## [PROBLEM TO SOLVE]
Would you write out every record that follows exactly, with the pictures left out?

Data excerpts
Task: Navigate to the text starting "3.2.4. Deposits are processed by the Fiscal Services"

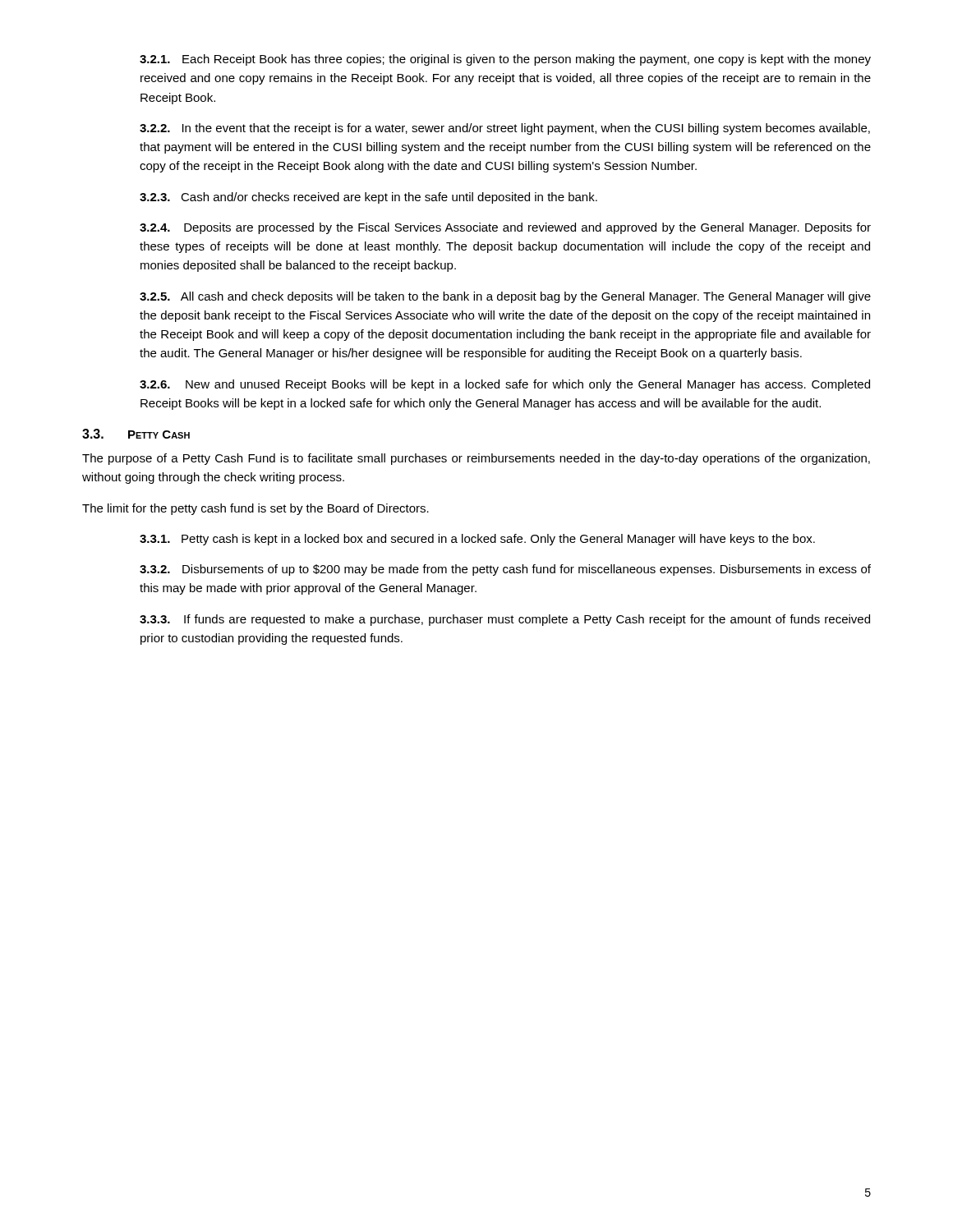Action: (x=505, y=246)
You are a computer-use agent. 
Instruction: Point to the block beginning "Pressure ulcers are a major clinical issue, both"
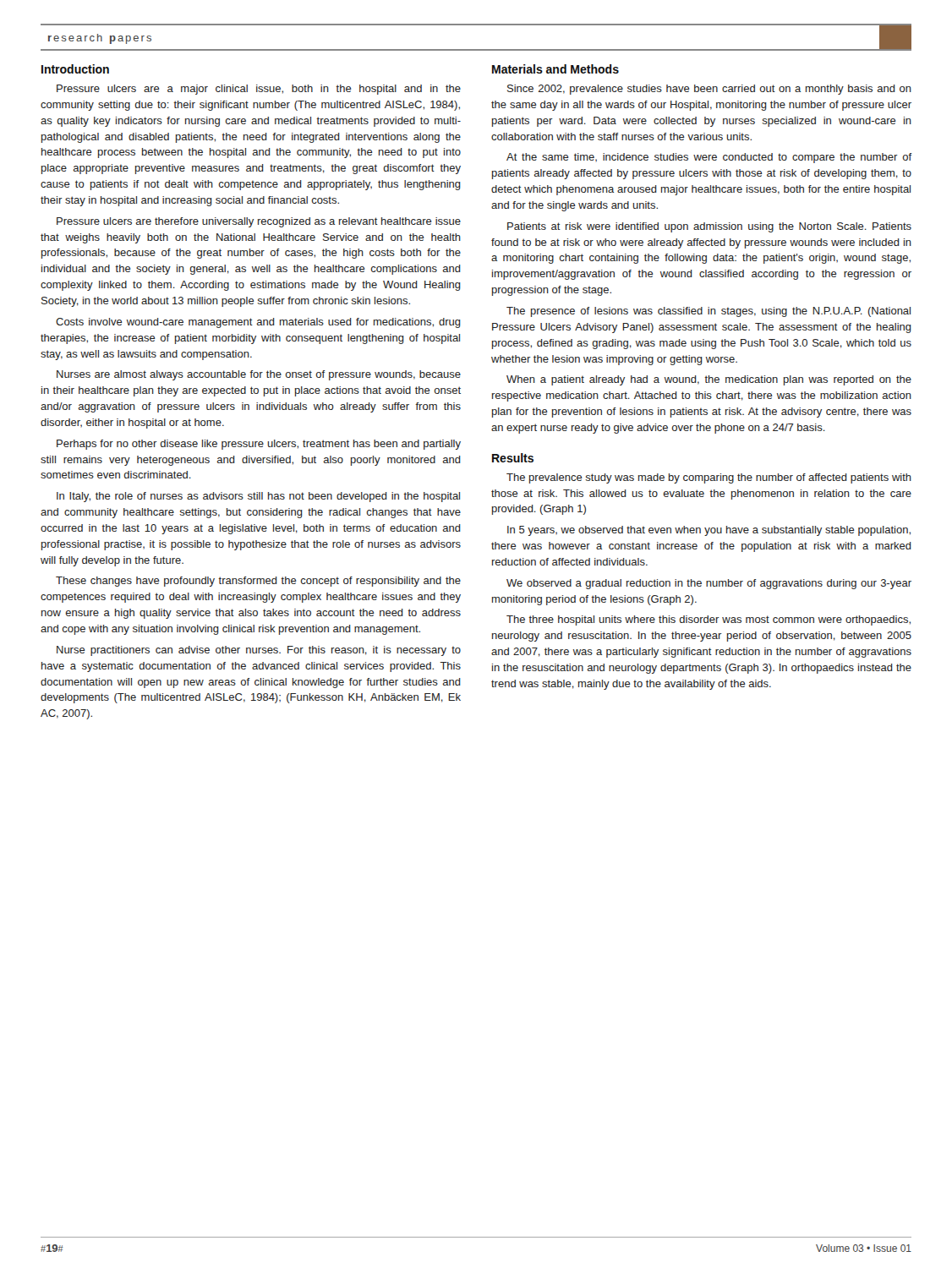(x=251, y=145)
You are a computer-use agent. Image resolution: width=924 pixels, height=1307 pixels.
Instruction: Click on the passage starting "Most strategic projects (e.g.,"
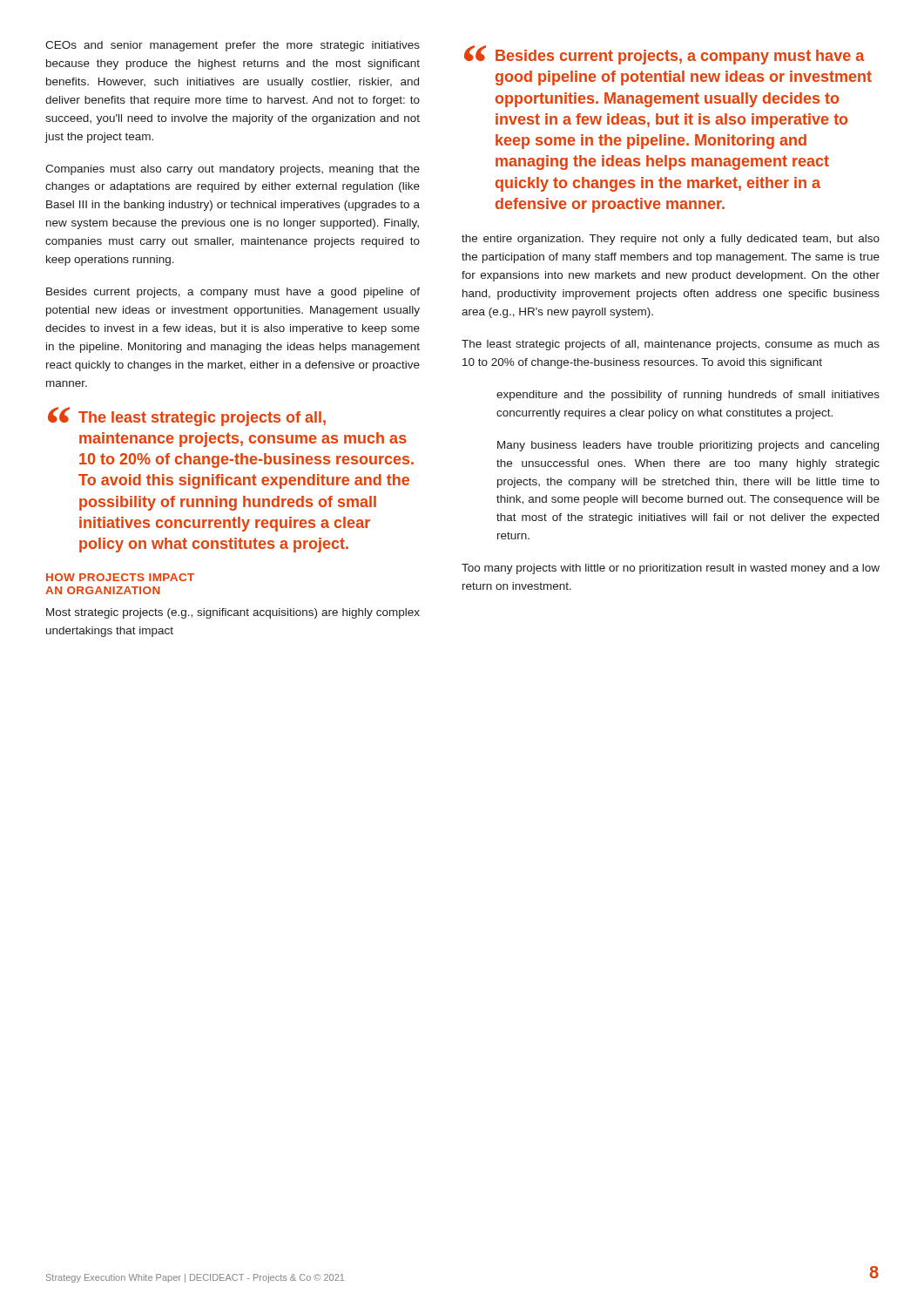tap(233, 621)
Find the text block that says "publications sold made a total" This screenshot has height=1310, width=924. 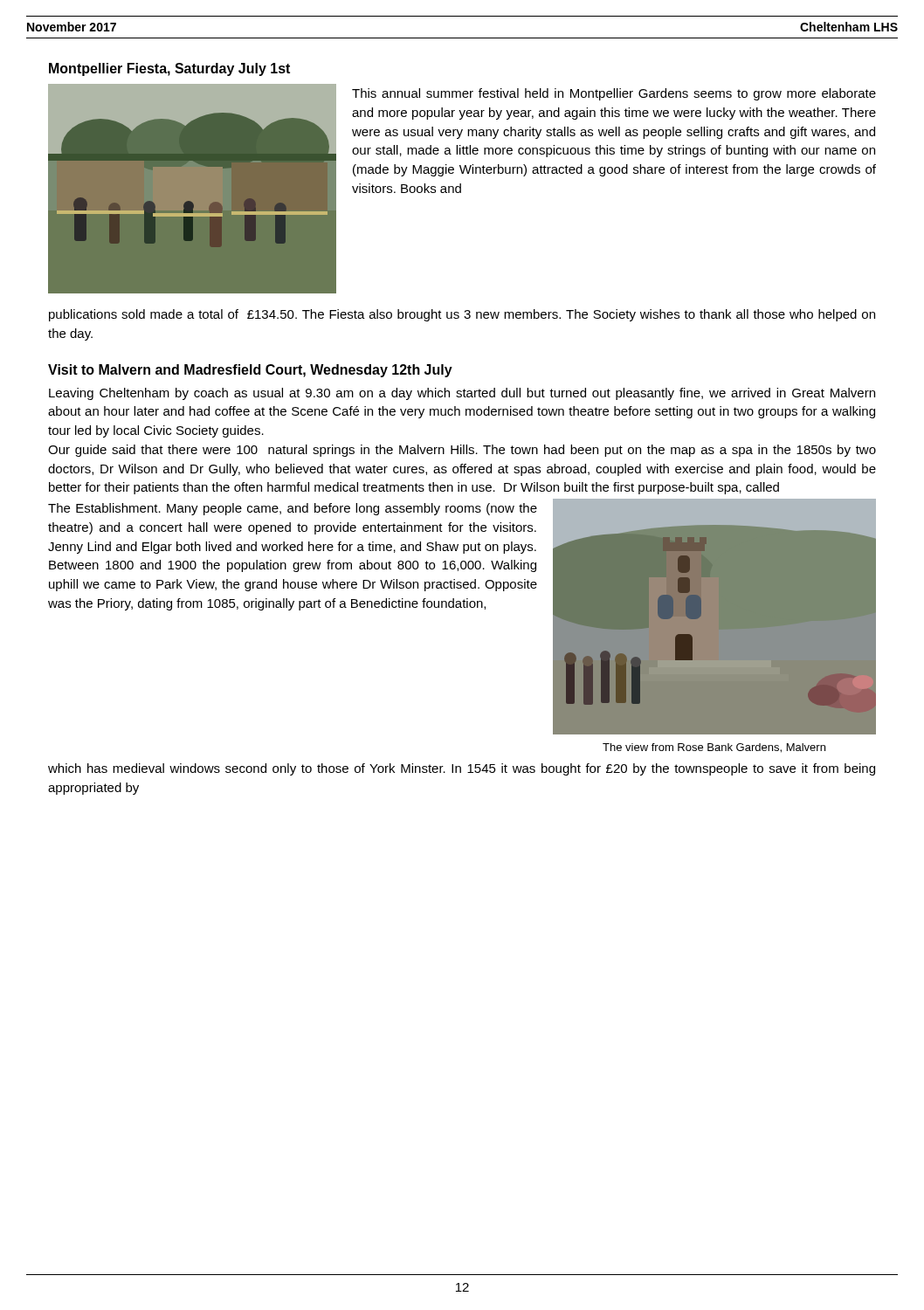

## [SOLUTION TO THIS TASK]
Task: Navigate to the text starting "3.2.4. Deposits are processed by the Fiscal Services"

Action: (x=505, y=246)
You are a computer-use agent. 
Instruction: Point to the block beginning "Pressure ulcers are a major clinical issue, both"
(x=251, y=145)
You are a computer-use agent. Image resolution: width=924 pixels, height=1307 pixels.
Instruction: Click on the passage starting "Most strategic projects (e.g.,"
tap(233, 621)
Find the text block that says "publications sold made a total" This screenshot has height=1310, width=924. 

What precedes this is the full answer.